Task details: Exactly as written, transcribe the lines that run from the one containing "Now the tea box (188,198,224,281)." to the end of the records below.

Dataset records

◇ ◇ ◇ ◇ ◇

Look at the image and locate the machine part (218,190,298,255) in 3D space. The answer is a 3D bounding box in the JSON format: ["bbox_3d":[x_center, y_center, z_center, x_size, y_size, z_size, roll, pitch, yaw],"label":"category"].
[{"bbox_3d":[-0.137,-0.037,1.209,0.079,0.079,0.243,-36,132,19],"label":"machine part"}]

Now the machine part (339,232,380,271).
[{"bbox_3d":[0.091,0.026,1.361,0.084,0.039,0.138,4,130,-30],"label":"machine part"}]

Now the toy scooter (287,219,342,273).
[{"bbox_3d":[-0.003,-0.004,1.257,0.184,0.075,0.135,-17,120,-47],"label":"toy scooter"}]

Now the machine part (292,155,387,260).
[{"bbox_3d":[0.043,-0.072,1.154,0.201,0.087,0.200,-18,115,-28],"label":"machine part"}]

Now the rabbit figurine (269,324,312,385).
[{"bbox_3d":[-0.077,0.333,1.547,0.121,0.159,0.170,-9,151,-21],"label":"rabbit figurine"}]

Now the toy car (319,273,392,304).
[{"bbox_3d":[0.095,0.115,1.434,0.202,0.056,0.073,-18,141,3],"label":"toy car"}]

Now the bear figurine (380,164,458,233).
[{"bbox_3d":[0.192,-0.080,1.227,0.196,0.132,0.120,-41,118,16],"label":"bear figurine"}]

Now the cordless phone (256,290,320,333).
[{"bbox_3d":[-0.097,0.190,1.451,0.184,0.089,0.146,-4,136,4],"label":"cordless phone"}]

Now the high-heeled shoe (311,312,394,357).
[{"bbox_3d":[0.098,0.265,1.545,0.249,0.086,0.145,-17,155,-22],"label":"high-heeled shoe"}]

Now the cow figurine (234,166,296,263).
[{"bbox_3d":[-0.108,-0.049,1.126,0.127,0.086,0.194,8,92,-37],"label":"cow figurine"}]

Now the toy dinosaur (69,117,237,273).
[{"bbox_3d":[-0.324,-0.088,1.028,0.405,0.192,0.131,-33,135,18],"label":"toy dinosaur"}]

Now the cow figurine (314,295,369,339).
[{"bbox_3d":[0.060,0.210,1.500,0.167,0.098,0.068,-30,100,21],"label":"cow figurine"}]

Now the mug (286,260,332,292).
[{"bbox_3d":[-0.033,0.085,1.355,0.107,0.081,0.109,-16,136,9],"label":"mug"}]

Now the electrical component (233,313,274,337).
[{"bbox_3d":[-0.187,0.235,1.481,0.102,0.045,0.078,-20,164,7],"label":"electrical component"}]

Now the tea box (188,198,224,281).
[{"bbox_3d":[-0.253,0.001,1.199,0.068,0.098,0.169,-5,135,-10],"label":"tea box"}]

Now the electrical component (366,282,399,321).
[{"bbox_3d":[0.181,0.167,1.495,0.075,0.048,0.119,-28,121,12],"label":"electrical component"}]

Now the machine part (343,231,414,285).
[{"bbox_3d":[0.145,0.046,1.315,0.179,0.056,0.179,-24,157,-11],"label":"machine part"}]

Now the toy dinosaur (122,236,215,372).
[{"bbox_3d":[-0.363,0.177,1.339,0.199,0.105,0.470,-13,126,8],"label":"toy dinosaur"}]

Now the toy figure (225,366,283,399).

◇ ◇ ◇ ◇ ◇

Answer space:
Now the tea box (188,198,224,281).
[{"bbox_3d":[-0.253,0.001,1.199,0.068,0.098,0.169,-5,135,-10],"label":"tea box"}]

Now the electrical component (366,282,399,321).
[{"bbox_3d":[0.181,0.167,1.495,0.075,0.048,0.119,-28,121,12],"label":"electrical component"}]

Now the machine part (343,231,414,285).
[{"bbox_3d":[0.145,0.046,1.315,0.179,0.056,0.179,-24,157,-11],"label":"machine part"}]

Now the toy dinosaur (122,236,215,372).
[{"bbox_3d":[-0.363,0.177,1.339,0.199,0.105,0.470,-13,126,8],"label":"toy dinosaur"}]

Now the toy figure (225,366,283,399).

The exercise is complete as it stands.